Although Osamu Dazai may not have had much exposure to the formal study of existentialism, nor is he labeled as an existentialist writer, his novels, which are highly autobiographical, give us ample opportunity to delve into the experience of the absurd and an existential crisis that Dazai was. known for being a man who depicts his lifelong suffering and comes to terms with it through his writing. This section of the thesis looks at the portrayal of the self in an existential crisis from living with bad faith and inauthenticity in Dazai's No Longer Human (Ningen Shikkaku / . 人間失格). The unknown narrator in the epilogue describes the inexplicable feeling stirred in him by looking at three photographs of the notebook writer taken in his childhood, youth and middle age, who we later find to be the protagonist Oba Yozo.

He tells how his father's acquaintances did not find his father's speech amusing, but they flattered him with lies; his cousin is not fond of a friend whom she considers to be a "close friend". An interesting aspect of the absurdity involved is looking at his relationship with women as an adult in light of Freud's notions of the phallic phase. As if the multi-layered absurdity wasn't enough suffering for Yozo, Dazai introduces us to other aspects of his existential crisis stemming from his awareness of others and the realization of the limitless freedom and choice he had.

Sartre describes the initial fear of other people (“the Other”) in a negative way: other people are beings who undermine and threaten the stability of the world one has built for oneself” (Wicks 46).
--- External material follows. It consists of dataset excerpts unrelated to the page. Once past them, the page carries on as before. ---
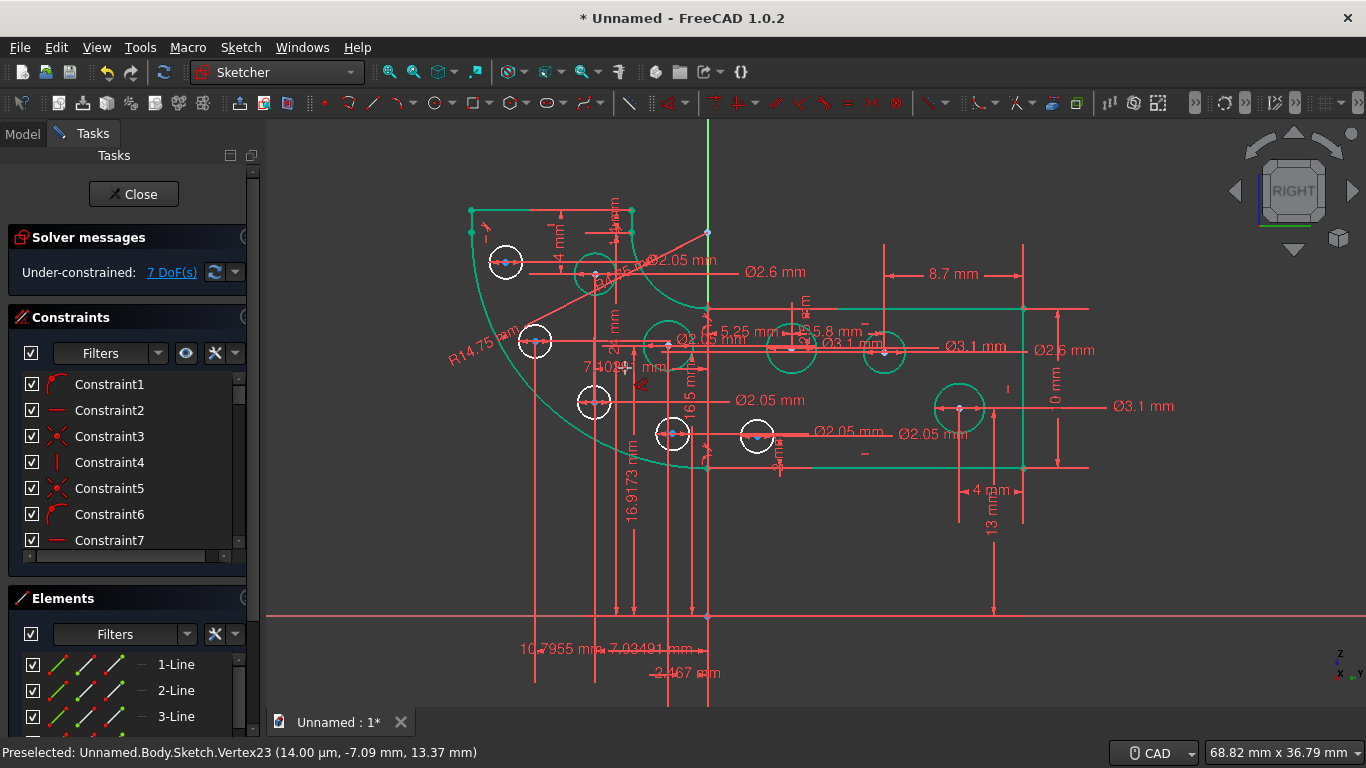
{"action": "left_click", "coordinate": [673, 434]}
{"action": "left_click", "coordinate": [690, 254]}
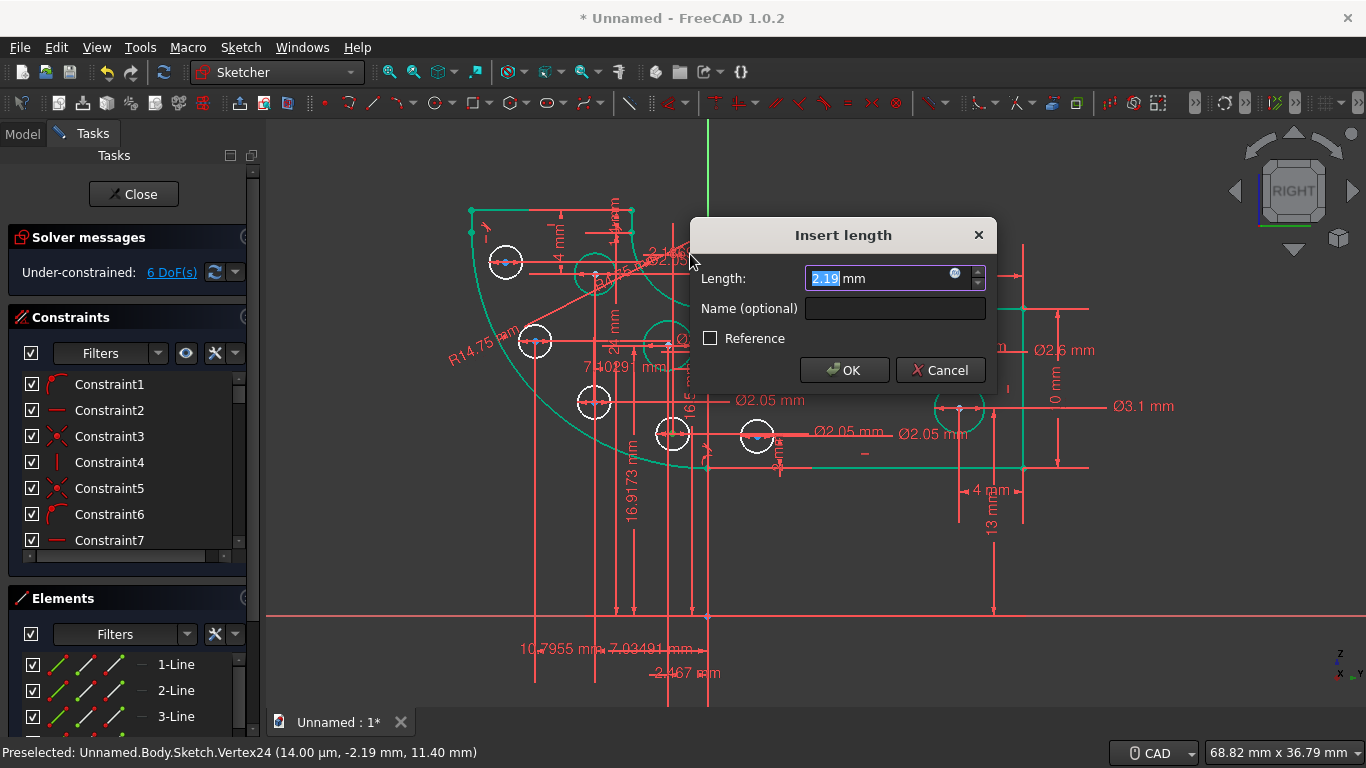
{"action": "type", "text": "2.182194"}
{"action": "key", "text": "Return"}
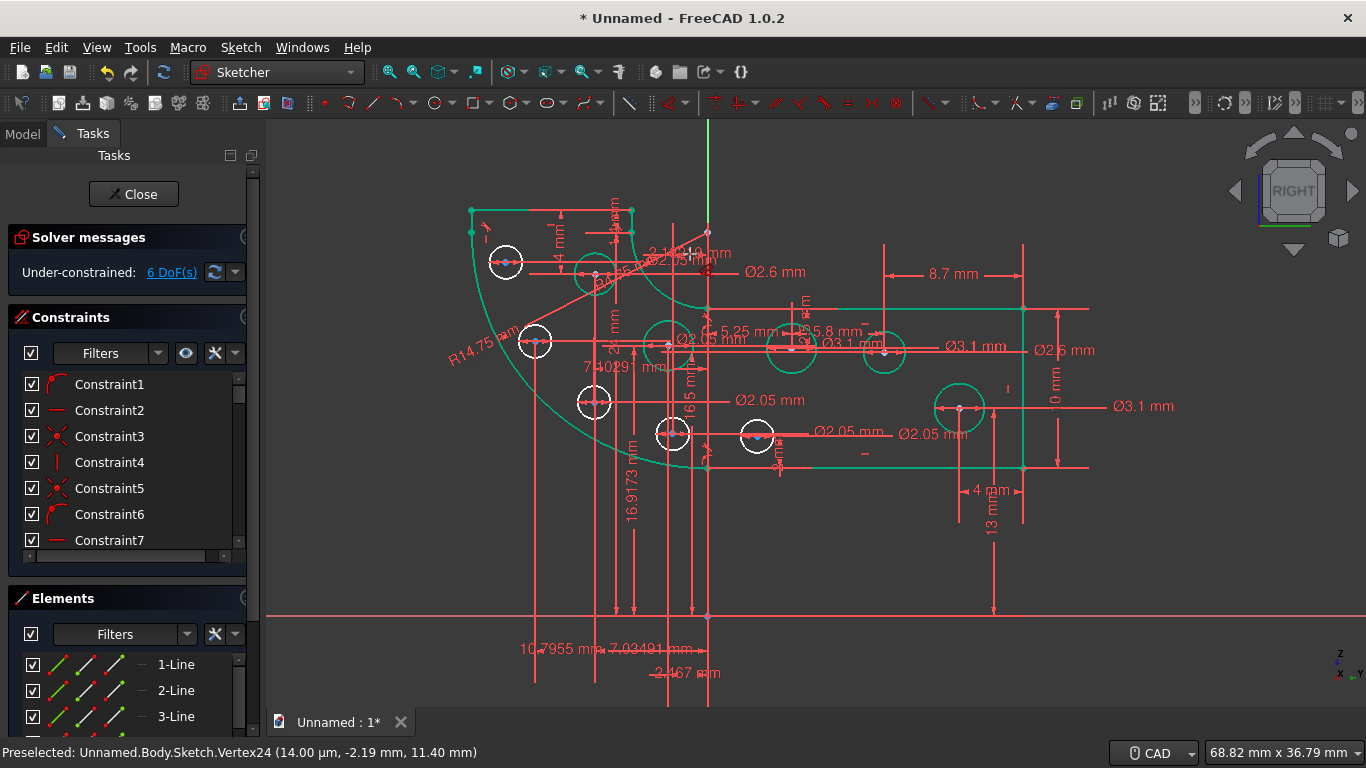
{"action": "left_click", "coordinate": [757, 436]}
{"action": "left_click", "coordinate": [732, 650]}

Sartre explains that “bad faith” is the denial and avoidance of the responsibility that accompanies the realization of one's unfettered freedom;

Ningen Shikkaku: Critical Disability Theory

This part of the paper aims to explore Yozo's experience as a "disabled person" and the ways in which he is treated by able-bodied society in order to understand the ways in which No Longer Human portrays the experience of disabled people in uniformitarian modern Japanese society. Moreover, in confinement, these people are observed under the “medical gaze,” which is the dehumanizing point of view of the specialist—from the medical point of view, the person is nothing more than a system of organs (Foucault 89). What really destroys the reader in seeing society's mistreatment of Yoz for being different is when the novel reveals the sheer desire of the 'disabled' or human to be 'human', to be accepted by society, to be seen as a person above all differently.

The most heartbreaking aspect of the novel occurs when Yozo cries and says, "God, I ask you, is non-resistance a sin?". Osamu Dazai, one of the many prominent Japanese writers of the early 20th century, remains an extremely underrated figure. Dazai's novels speak of the unspoken experience of Japanese people, which still makes him revered today.

Review of The Saga of Dazai Osamu: A Critical Study with Translations.; Return to Tsugaru: Travels of a Purple Tramp., by P. Methamphetamine Solution: Drugs and the Reconstruction of Nation in Postwar Japan.” The Journal of Asian Studies, vol. Nihilism and (non-)humanity in Dostoyevsky's Demons and Dazai's No Longer Human.” The University of Edinburgh, 2017,.

A Canon with a Critical Difference.” Journal of the Japanese Teachers Association, Vol. Crime and Punishment: The Subjectivity of Modern Morality and Its Manifestation in Meiji Man.” Wittenberg University Journal of East Asian Studies, vol.